Please restate the entries verbatim. The copy should hold no pictures.

Start of Records shown

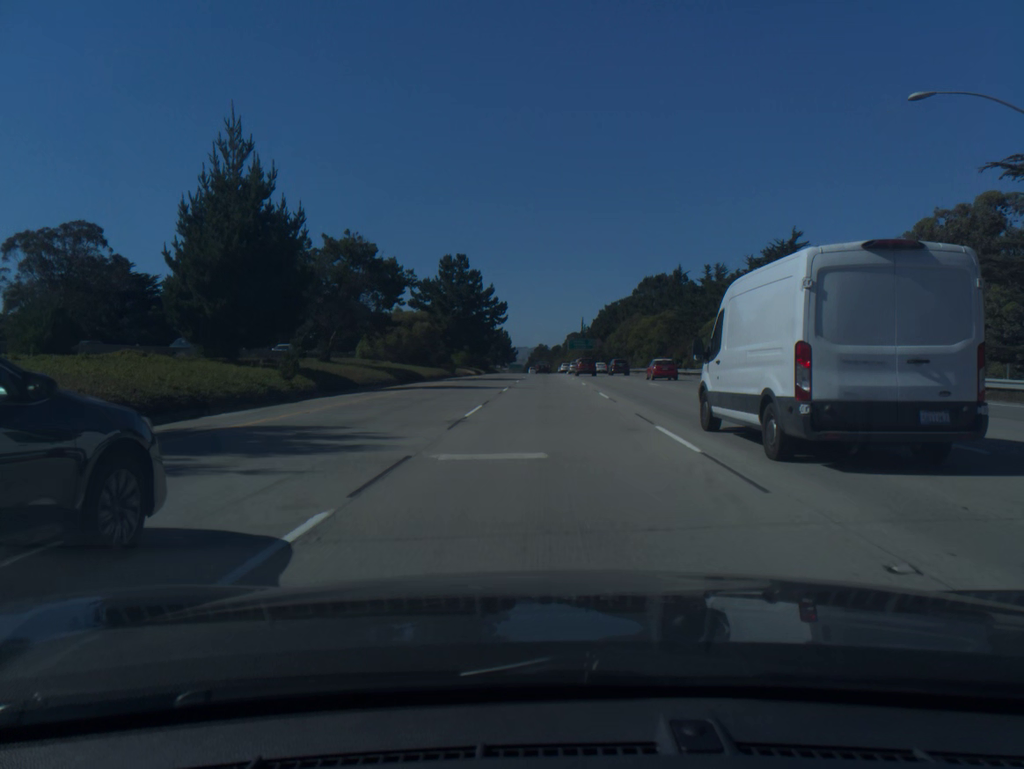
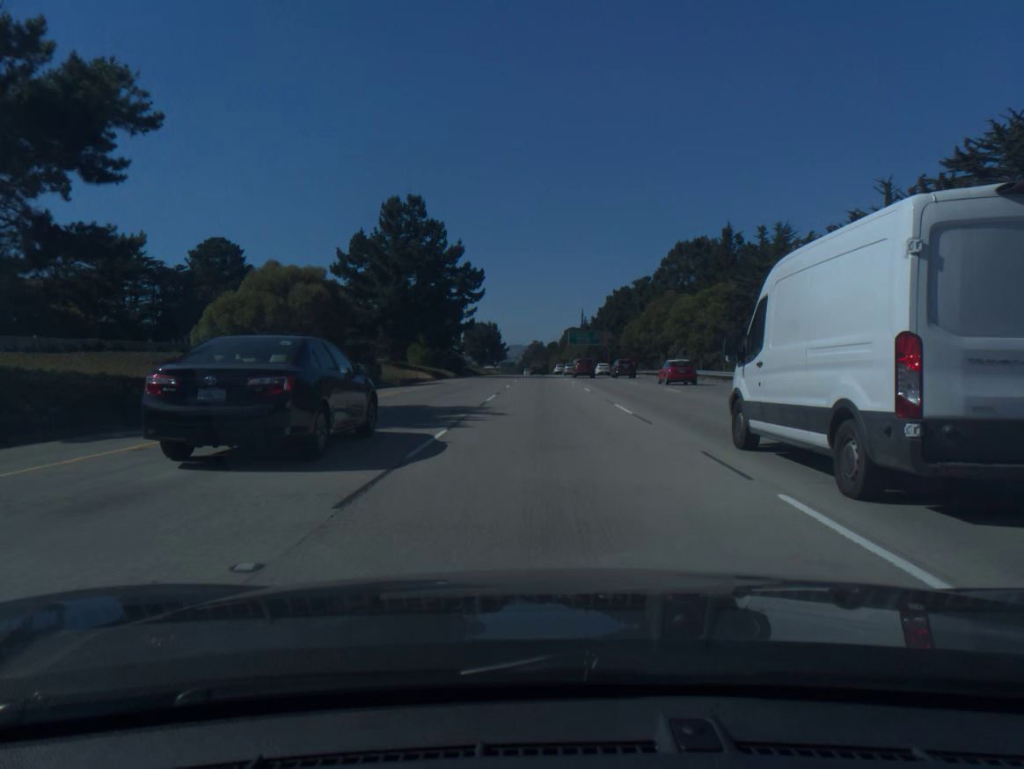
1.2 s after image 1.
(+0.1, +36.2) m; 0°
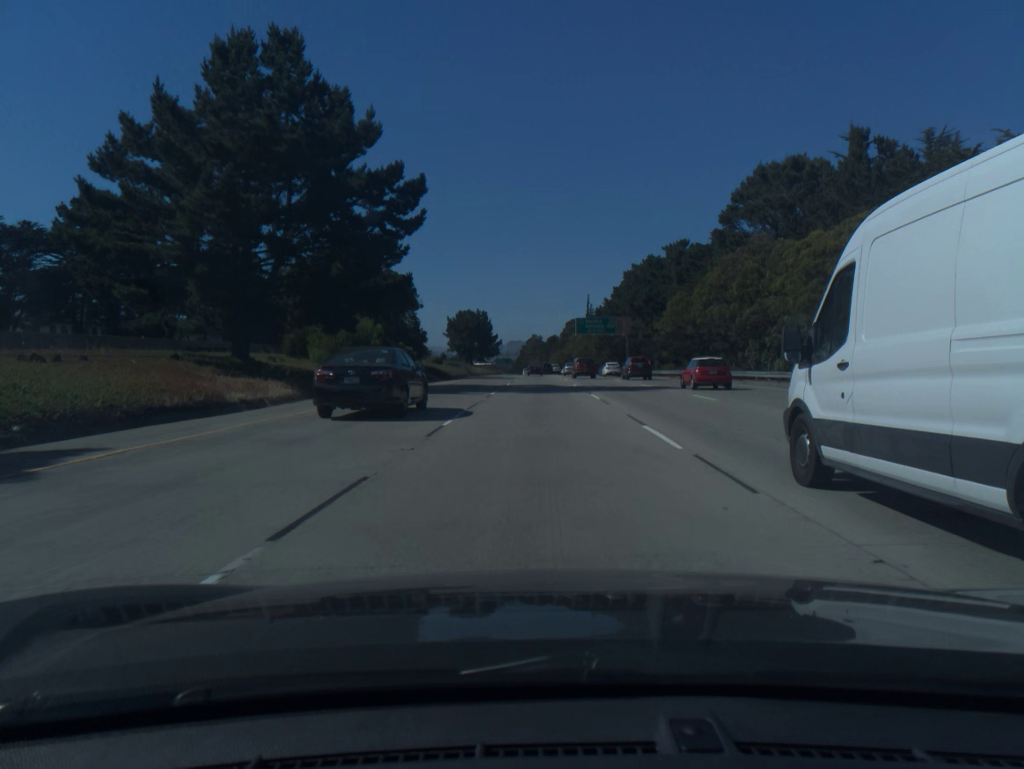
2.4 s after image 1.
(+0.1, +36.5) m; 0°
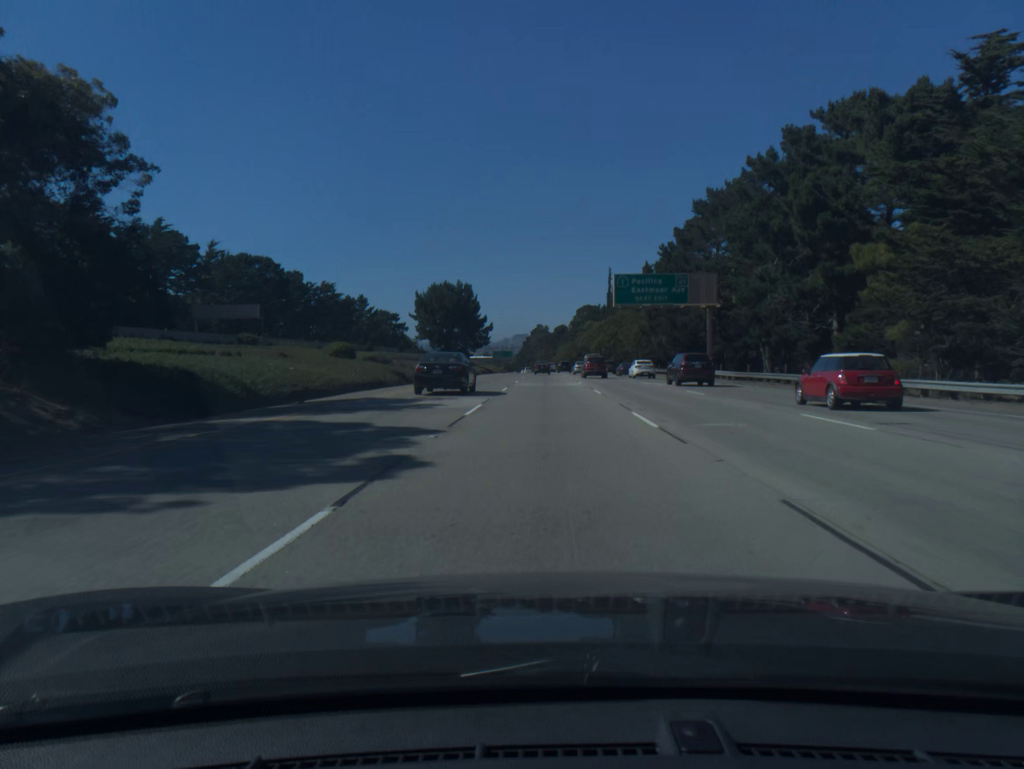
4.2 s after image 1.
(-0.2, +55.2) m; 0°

End of Records shown

▶ [Task result]:
1.2 s after image 1.
(+0.1, +36.2) m; 0°
2.4 s after image 1.
(+0.1, +36.5) m; 0°
4.2 s after image 1.
(-0.2, +55.2) m; 0°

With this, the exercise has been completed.